Conflict of interest: RF has a sponsored research agreement with Merck & Co.

Figures

Figure 1
Figure 1. Human bronchial epithelium models generated from hPCLSs and TA BSCs of neonates and adults show age-related RSV infection.
(A) Schematic of RSV A2 or RSV-GFP infection (1 × 106 pfu) of hPCLSs prepared from donor lungs of infants and adults (n = 3 donors) followed by staining and confocal imaging at 2 dpi. (B) Representative images of RSV-GFP (green) and RFX3 (red) staining in infant hPCLSs. Left panel shows an RSV infected airway on hPCLS. Arrow indicates an airway infected by RSV. Dotted lines mark basement membrane. Blue color is nucleus staining and the overlay of red, green, and blue shows as pink color. (C) Representative images of RSV F (green) and RFX3 (red) staining in infant and adult hPCLSs. Arrows indicate RSV-infected cells. Dotted lines mark basement membrane. Blue color is nucleus staining and the overlay of red, green, and blue shows as pink color. (D) Schematic of RSV infection of differentiated bronchial epithelium in day 21 (D21) ALI cultures of neonatal and adult TA BSCs. RSV strain A2 was applied apically (MOI 2, 4 × 105 PFU) for 1 hour. Assays (EJ) were performed at 2 and 4 dpi. (E) Representative cross-section images of antibody staining for major bronchial epithelial cell types prior to infection. Blue color is nucleus staining and the overlay of red, green, and blue shows as pink color. (F) Representative top views of double staining for RSV F(green) protein and ZO1 (red). (G) Relative abundances of RSV F+ cells and relative levels of RSV L gene by RT-qPCR. (H) Assays of RSV binding at 4°C for 1 hour followed by quantification of relative RSV L gene levels by RT-qPCR. (I) Assays of primary RSV transcript and genome replication after infection at 37°C for 6 hours by RT-qPCR. (J) Assays of JNJ-678 (100 nM) treatment at 6 hpi followed by quantification of relative RSV L gene levels by RT-qPCR at 2 dpi. Each dot represents 1 donor. Bar graphs represent mean ± SEM. Statistical significance was calculated by 2-way ANOVA followed by Dunn’s test in G and by 2-tailed Student’s t test in HJ. Dotted lines mark basement membrane. **P < 0.01, ***P < 0.001. Scale bars: 50 μm.
Figure 2
Figure 2. Neonatal bronchial epithelial cells are prone to apoptosis following RSV infection.

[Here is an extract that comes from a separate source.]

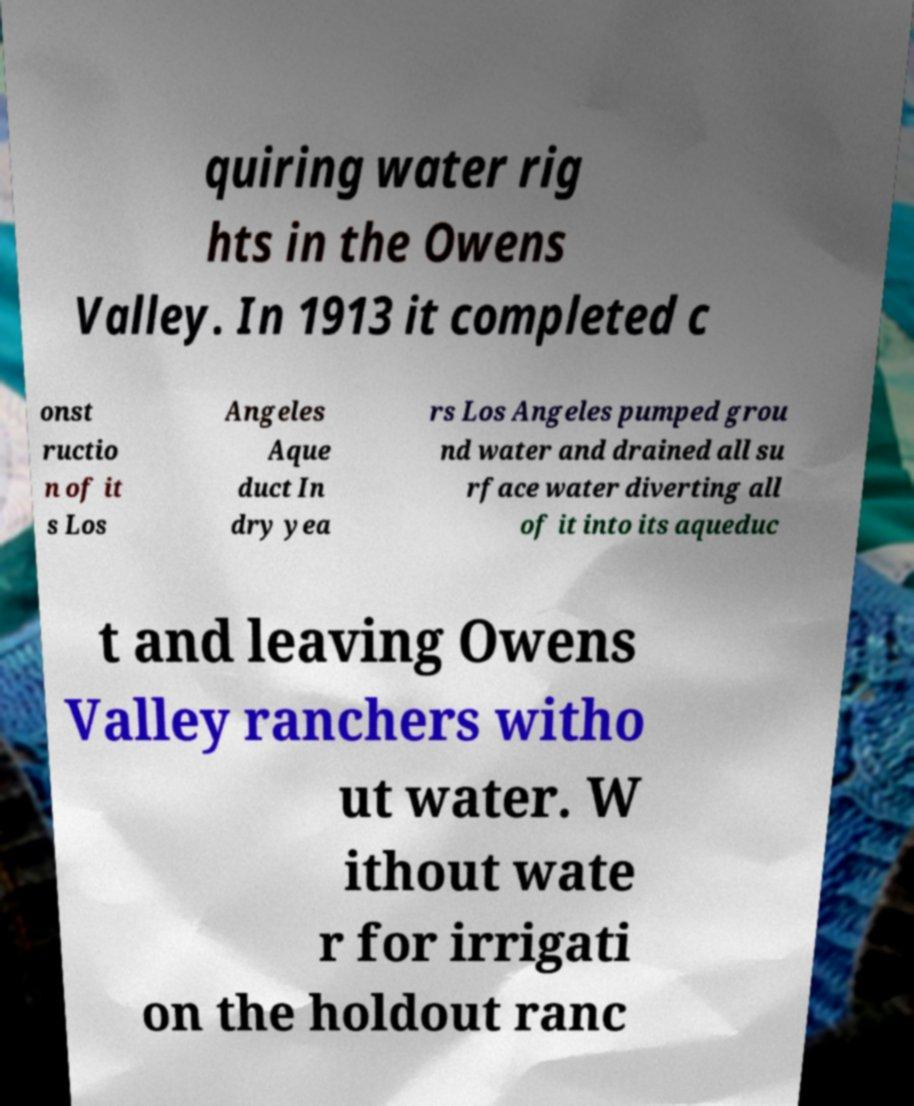Can you read and provide the text displayed in the image?This photo seems to have some interesting text. Can you extract and type it out for me? quiring water rig hts in the Owens Valley. In 1913 it completed c onst ructio n of it s Los Angeles Aque duct In dry yea rs Los Angeles pumped grou nd water and drained all su rface water diverting all of it into its aqueduc t and leaving Owens Valley ranchers witho ut water. W ithout wate r for irrigati on the holdout ranc

(A) Representative cross-section images of double staining for RSV F (green) and c-Casp-3 (red) in neonatal and adult ALI cultures at 2 and 4 dpi. Blue color is nucleus staining and the overlay of red, green, and blue shows as pink color. (B) Relative abundances of RSV F+c-Casp-3+ cells quantified from double stained images. (C) Representative Western blot analyses of Caspase-3 (Casp-3) and c-Casp-3 at 2 dpi. β-actin was loading control. Each lane represents 1 BSC line. (D) Densitometry measurements of Casp-3 and c-Casp-3 levels normalized to β-actin. Each dot represents 1 donor. Bar graphs represent mean ± SEM. Statistical significance was calculated by 2-way ANOVA followed by Dunn’s test in B and D. **P < 0.01, ***P < 0.001. Scale bar: 50 μm.
Figure 3
Figure 3. Age-related apoptotic cell death causes severe RSV infection in neonatal bronchial epithelium.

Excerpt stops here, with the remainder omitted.